**THE PROBLEM**
Omitting all pictures, retype the entries below exactly as given.

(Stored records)
[Start of Attachment]

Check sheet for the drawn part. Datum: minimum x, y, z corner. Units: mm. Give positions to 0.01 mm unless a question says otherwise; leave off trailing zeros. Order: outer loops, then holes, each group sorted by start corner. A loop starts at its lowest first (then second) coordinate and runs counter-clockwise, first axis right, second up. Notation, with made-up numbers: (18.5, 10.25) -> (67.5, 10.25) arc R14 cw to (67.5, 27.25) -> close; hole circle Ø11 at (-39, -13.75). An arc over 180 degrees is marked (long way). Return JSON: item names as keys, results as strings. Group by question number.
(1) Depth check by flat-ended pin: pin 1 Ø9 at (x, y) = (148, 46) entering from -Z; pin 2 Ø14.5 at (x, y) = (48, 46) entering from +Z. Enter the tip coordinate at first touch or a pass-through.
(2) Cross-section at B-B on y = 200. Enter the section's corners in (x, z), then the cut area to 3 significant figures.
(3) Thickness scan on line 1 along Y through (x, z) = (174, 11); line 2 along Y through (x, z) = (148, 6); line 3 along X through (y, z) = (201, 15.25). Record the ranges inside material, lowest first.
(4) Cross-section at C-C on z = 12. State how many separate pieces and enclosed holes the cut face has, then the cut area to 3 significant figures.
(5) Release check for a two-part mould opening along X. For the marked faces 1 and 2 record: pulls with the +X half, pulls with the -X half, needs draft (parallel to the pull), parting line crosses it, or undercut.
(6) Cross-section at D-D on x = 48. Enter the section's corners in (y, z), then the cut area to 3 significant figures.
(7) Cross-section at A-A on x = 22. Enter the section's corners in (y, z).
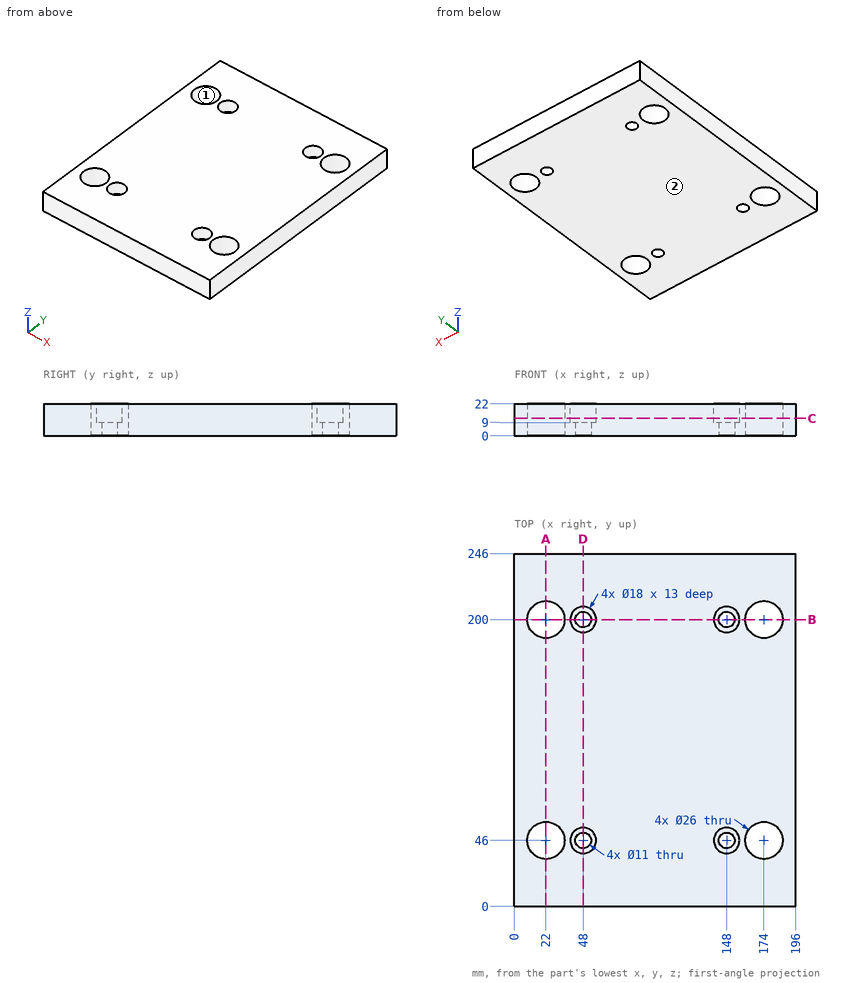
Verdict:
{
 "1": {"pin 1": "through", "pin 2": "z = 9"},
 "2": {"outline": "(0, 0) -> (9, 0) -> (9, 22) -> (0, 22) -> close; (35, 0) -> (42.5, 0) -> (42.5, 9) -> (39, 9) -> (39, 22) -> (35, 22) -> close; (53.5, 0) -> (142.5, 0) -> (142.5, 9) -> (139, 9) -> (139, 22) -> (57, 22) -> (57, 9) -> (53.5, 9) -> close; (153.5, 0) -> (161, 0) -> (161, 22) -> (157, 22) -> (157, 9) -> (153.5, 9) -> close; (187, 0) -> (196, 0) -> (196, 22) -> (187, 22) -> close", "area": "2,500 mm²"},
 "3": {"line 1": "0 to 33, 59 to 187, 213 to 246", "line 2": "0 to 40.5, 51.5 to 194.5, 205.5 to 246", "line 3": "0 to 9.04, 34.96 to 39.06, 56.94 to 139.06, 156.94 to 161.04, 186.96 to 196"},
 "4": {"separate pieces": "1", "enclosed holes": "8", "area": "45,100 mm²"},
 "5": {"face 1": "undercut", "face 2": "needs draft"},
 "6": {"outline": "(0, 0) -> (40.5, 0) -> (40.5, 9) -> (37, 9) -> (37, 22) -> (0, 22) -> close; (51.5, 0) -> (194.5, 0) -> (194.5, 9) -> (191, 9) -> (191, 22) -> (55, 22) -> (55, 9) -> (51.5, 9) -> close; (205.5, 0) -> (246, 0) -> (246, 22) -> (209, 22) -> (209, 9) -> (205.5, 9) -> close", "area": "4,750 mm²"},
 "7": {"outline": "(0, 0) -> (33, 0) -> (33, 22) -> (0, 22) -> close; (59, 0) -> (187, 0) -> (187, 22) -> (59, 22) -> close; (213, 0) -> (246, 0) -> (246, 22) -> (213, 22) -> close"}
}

[End of Attachment]

**EXERCISE RESPONSE**
Check sheet for the drawn part. Datum: minimum x, y, z corner. Units: mm. Give positions to 0.01 mm unless a question says otherwise; leave off trailing zeros. Order: outer loops, then holes, each group sorted by start corner. A loop starts at its lowest first (then second) coordinate and runs counter-clockwise, first axis right, second up. Notation, with made-up numbers: (18.5, 10.25) -> (67.5, 10.25) arc R14 cw to (67.5, 27.25) -> close; hole circle Ø11 at (-39, -13.75). An arc over 180 degrees is marked (long way). Return JSON: item names as keys, results as strings. Group by question number.
(1) Depth check by flat-ended pin: pin 1 Ø9 at (x, y) = (148, 46) entering from -Z; pin 2 Ø14.5 at (x, y) = (48, 46) entering from +Z. Enter the tip coordinate at first touch or a pass-through.
(2) Cross-section at B-B on y = 200. Enter the section's corners in (x, z), then the cut area to 3 significant figures.
(3) Thickness scan on line 1 along Y through (x, z) = (174, 11); line 2 along Y through (x, z) = (148, 6); line 3 along X through (y, z) = (201, 15.25). Record the ranges inside material, lowest first.
(4) Cross-section at C-C on z = 12. State how many separate pieces and enclosed holes the cut face has, then the cut area to 3 significant figures.
(5) Release check for a two-part mould opening along X. For the marked faces 1 and 2 record: pulls with the +X half, pulls with the -X half, needs draft (parallel to the pull), parting line crosses it, or undercut.
(6) Cross-section at D-D on x = 48. Enter the section's corners in (y, z), then the cut area to 3 significant figures.
(7) Cross-section at A-A on x = 22. Enter the section's corners in (y, z).
Verdict:
{
 "1": {"pin 1": "through", "pin 2": "z = 9"},
 "2": {"outline": "(0, 0) -> (9, 0) -> (9, 22) -> (0, 22) -> close; (35, 0) -> (42.5, 0) -> (42.5, 9) -> (39, 9) -> (39, 22) -> (35, 22) -> close; (53.5, 0) -> (142.5, 0) -> (142.5, 9) -> (139, 9) -> (139, 22) -> (57, 22) -> (57, 9) -> (53.5, 9) -> close; (153.5, 0) -> (161, 0) -> (161, 22) -> (157, 22) -> (157, 9) -> (153.5, 9) -> close; (187, 0) -> (196, 0) -> (196, 22) -> (187, 22) -> close", "area": "2,500 mm²"},
 "3": {"line 1": "0 to 33, 59 to 187, 213 to 246", "line 2": "0 to 40.5, 51.5 to 194.5, 205.5 to 246", "line 3": "0 to 9.04, 34.96 to 39.06, 56.94 to 139.06, 156.94 to 161.04, 186.96 to 196"},
 "4": {"separate pieces": "1", "enclosed holes": "8", "area": "45,100 mm²"},
 "5": {"face 1": "undercut", "face 2": "needs draft"},
 "6": {"outline": "(0, 0) -> (40.5, 0) -> (40.5, 9) -> (37, 9) -> (37, 22) -> (0, 22) -> close; (51.5, 0) -> (194.5, 0) -> (194.5, 9) -> (191, 9) -> (191, 22) -> (55, 22) -> (55, 9) -> (51.5, 9) -> close; (205.5, 0) -> (246, 0) -> (246, 22) -> (209, 22) -> (209, 9) -> (205.5, 9) -> close", "area": "4,750 mm²"},
 "7": {"outline": "(0, 0) -> (33, 0) -> (33, 22) -> (0, 22) -> close; (59, 0) -> (187, 0) -> (187, 22) -> (59, 22) -> close; (213, 0) -> (246, 0) -> (246, 22) -> (213, 22) -> close"}
}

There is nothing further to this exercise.